The representation at each stage of rotation of conductor is shown in Fig below.

From the above, it is seen that the e.m.f. produced within the coil is alternating in nature and to convert to direct current a commutator is used. A commutator is a device by which current flows in single direction in the external circuit. The- simplest commutator for the above two pole generator is split ring and is represented in Fig. With the use of commutator the negative portion of the induced e.m.f. is converted into positive such that the current in the external circuit is in single direction. In Fig, two distinct positions of the conductor representing the positions shown in Fig and are shown with an external circuit. Note carefully the flow of current from the coil to the external circuit even though the current in coil side 'ab' and 'cd' change for every 180° rotation of the conductor. The graphical representation of e.m.f. in the external circuit is shown in Fig.

Such unidirectional current is called direct current in short d.c. A generator which gives d.c. in the external circuit is called d.c. generator.

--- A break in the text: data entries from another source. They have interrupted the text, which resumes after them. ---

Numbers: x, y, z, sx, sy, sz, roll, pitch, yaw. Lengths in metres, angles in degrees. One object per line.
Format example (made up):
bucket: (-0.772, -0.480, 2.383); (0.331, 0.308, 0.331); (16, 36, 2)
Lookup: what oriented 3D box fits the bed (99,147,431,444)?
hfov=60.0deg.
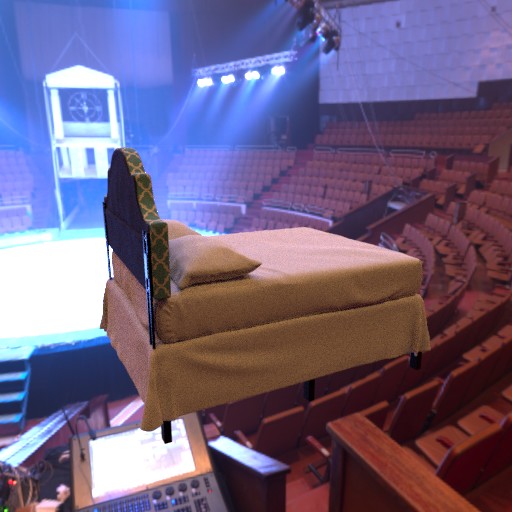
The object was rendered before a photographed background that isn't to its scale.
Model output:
bed: (0.000, 0.000, 3.426); (2.222, 1.633, 1.780); (-7, 15, -26)
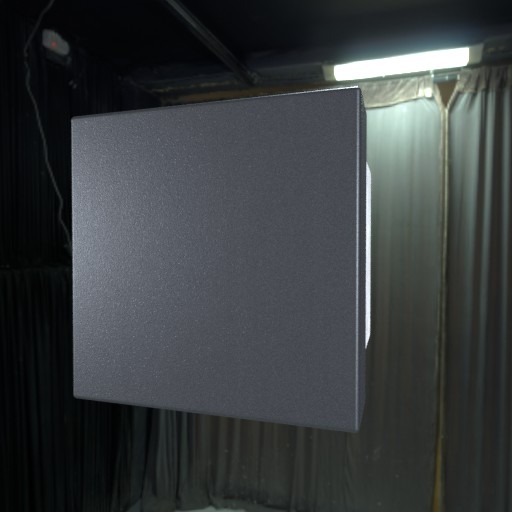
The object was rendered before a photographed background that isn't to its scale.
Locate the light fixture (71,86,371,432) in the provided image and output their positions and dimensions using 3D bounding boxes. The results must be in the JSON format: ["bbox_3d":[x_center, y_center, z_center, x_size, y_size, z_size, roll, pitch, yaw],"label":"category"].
[{"bbox_3d":[0.000,0.000,0.239,0.121,0.121,0.143,0,1,18],"label":"light fixture"}]
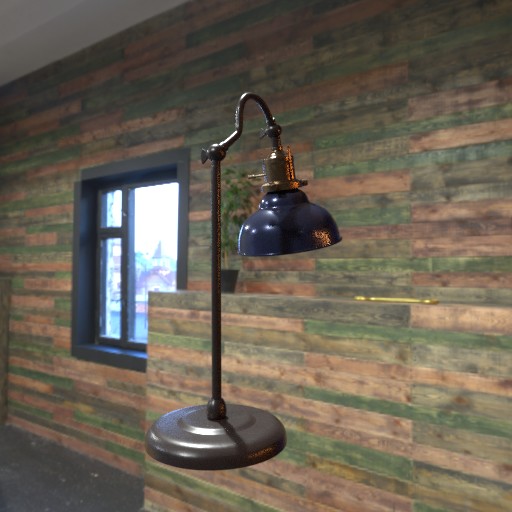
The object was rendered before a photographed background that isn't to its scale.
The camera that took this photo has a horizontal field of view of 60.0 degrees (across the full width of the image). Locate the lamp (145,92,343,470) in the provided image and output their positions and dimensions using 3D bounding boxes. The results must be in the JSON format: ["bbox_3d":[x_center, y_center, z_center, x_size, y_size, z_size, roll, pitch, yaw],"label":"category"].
[{"bbox_3d":[0.000,0.000,0.690,0.192,0.508,0.374,-1,-2,36],"label":"lamp"}]
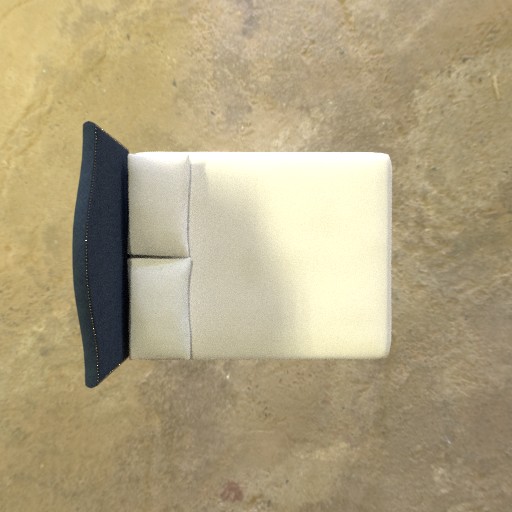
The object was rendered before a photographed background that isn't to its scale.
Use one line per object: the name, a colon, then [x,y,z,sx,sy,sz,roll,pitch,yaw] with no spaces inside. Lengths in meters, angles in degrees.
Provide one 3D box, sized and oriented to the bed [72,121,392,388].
bed: [0.000,0.000,3.293,2.153,1.518,1.713,0,91,-1]
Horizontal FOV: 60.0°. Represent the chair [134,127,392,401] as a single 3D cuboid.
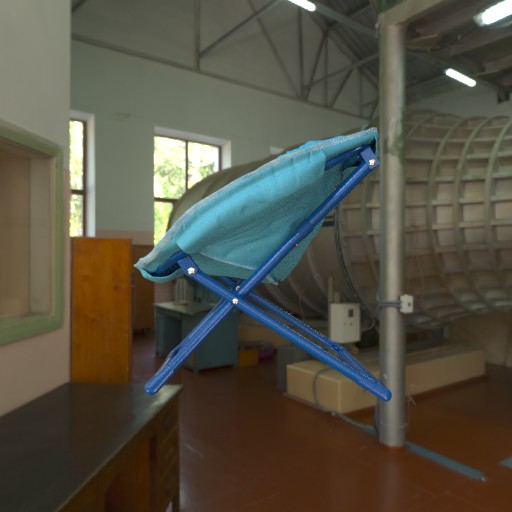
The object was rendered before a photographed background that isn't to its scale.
[{"bbox_3d":[0.000,0.000,0.893,0.465,0.478,0.520,0,0,-1],"label":"chair"}]
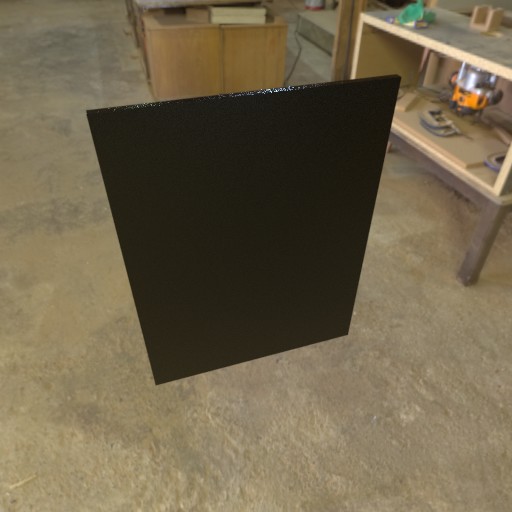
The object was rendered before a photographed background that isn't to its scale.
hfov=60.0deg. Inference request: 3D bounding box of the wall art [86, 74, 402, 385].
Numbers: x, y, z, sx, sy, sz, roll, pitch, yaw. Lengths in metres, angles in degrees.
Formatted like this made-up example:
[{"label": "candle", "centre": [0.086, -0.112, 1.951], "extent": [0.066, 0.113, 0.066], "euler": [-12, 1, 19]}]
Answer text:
[{"label": "wall art", "centre": [0.000, 0.000, 0.789], "extent": [0.442, 0.582, 0.013], "euler": [-12, 42, -13]}]
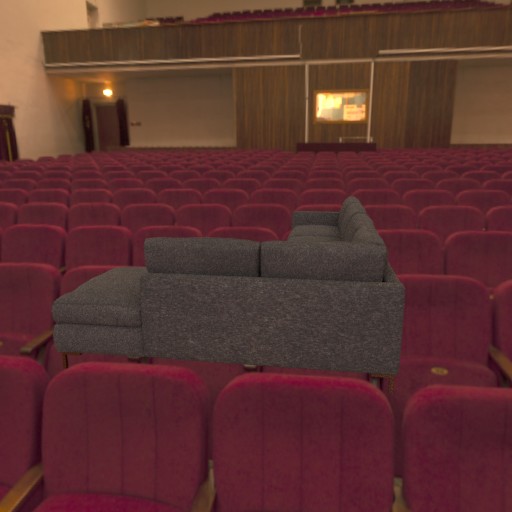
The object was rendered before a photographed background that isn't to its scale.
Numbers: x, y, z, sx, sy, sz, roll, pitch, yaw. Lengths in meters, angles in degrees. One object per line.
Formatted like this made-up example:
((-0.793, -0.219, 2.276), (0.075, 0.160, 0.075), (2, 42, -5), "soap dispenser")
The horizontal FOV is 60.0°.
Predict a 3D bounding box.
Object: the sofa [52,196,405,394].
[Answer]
((0.000, 0.000, 3.841), (2.007, 0.815, 2.949), (2, 13, 9), "sofa")
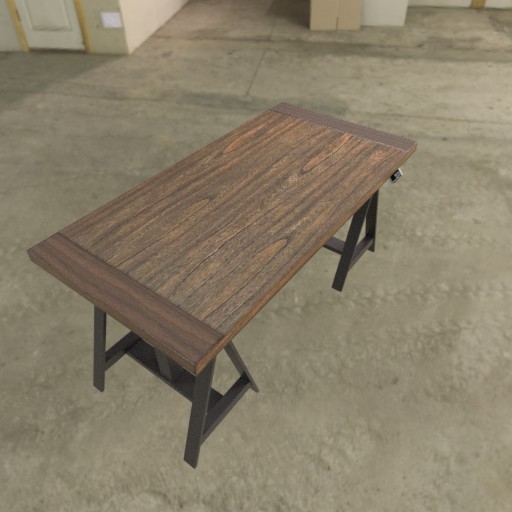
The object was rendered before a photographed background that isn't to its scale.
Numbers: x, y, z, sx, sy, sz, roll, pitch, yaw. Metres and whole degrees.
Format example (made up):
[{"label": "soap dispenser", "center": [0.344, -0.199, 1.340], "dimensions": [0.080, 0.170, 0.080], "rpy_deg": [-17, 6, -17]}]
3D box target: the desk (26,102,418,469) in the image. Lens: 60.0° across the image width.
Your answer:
[{"label": "desk", "center": [0.000, 0.000, 2.005], "dimensions": [0.784, 0.725, 1.543], "rpy_deg": [26, 48, 26]}]
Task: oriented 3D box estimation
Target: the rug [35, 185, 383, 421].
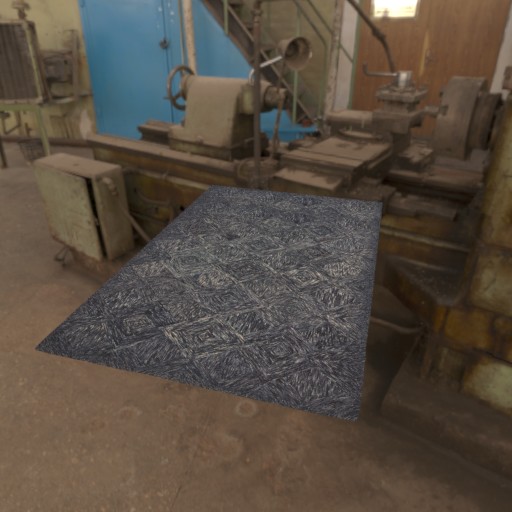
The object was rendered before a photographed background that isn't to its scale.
[{"bbox_3d":[0.000,0.000,2.171,1.139,0.010,1.754,8,30,14],"label":"rug"}]
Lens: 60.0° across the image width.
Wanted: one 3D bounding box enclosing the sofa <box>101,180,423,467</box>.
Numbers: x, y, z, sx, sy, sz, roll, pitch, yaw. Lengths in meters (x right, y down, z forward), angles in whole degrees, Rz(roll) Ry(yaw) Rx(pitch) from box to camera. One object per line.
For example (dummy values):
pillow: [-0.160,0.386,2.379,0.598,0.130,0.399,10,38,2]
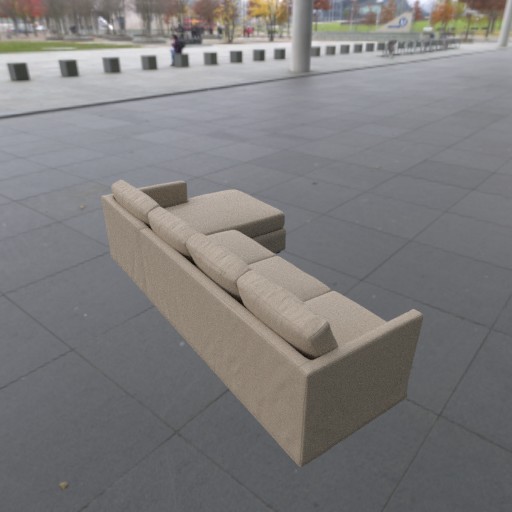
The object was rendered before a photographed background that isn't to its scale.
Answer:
sofa: [0.000,0.000,3.846,1.622,0.867,3.177,-18,32,-31]
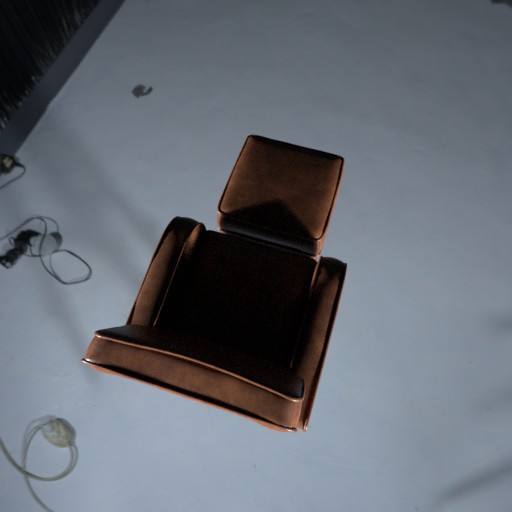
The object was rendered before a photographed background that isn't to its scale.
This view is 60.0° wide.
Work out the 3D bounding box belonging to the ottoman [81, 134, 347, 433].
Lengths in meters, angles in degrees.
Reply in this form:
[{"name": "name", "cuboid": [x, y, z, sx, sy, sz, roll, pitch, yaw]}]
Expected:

Necessarily it uses a commutator.

FUNCTIONS OF SPLIT RING AND COMMUTATOR:

When the coil rotates, the e.m.f. induced in the conductor is of alternating in nature. The current in the conductor coil is the result of the e.m.f. produced in the conductor. Since the coil rotates, there should be a method of drawing the current for the external circuit from a rotating coil to, a stationary terminal. There are three methods of achieving this object. They are :

a. By using a split ring when the generator is of two pole
b. By using a commutator when the generator is of multipole
c. By using a slip ring

The split ring and commutator are used in case the current in the external circuit should, be uni-directional, and slip ring is used when the current in the external circuit has to be alternating. Fig. (a) shows a split ring while Fig (b) shows the commutator. In both the cases, two or four carbon brushes slide over it collecting the current from the rotating conductor. Commutators are used for d.c. machine as well as repulsion motors.
 (a) Commutator
 (b) Split Ring
A commutator consists of number of bars, an equal number of mica segments, and an iron core consisting of two end rims and a connecting shell on which the bars and mica segments are placed. Towards the bottom, the bars are partly cut out on both sides in the shape of a V for holding the commutator together by rings. Mica segments are used between bars to prevent adjacent bars from touching. The armature windings are connected to the commutator segments to enable the e.m.f. generated to be collected to a stationary terminal. Fig. shows the commutator assembly.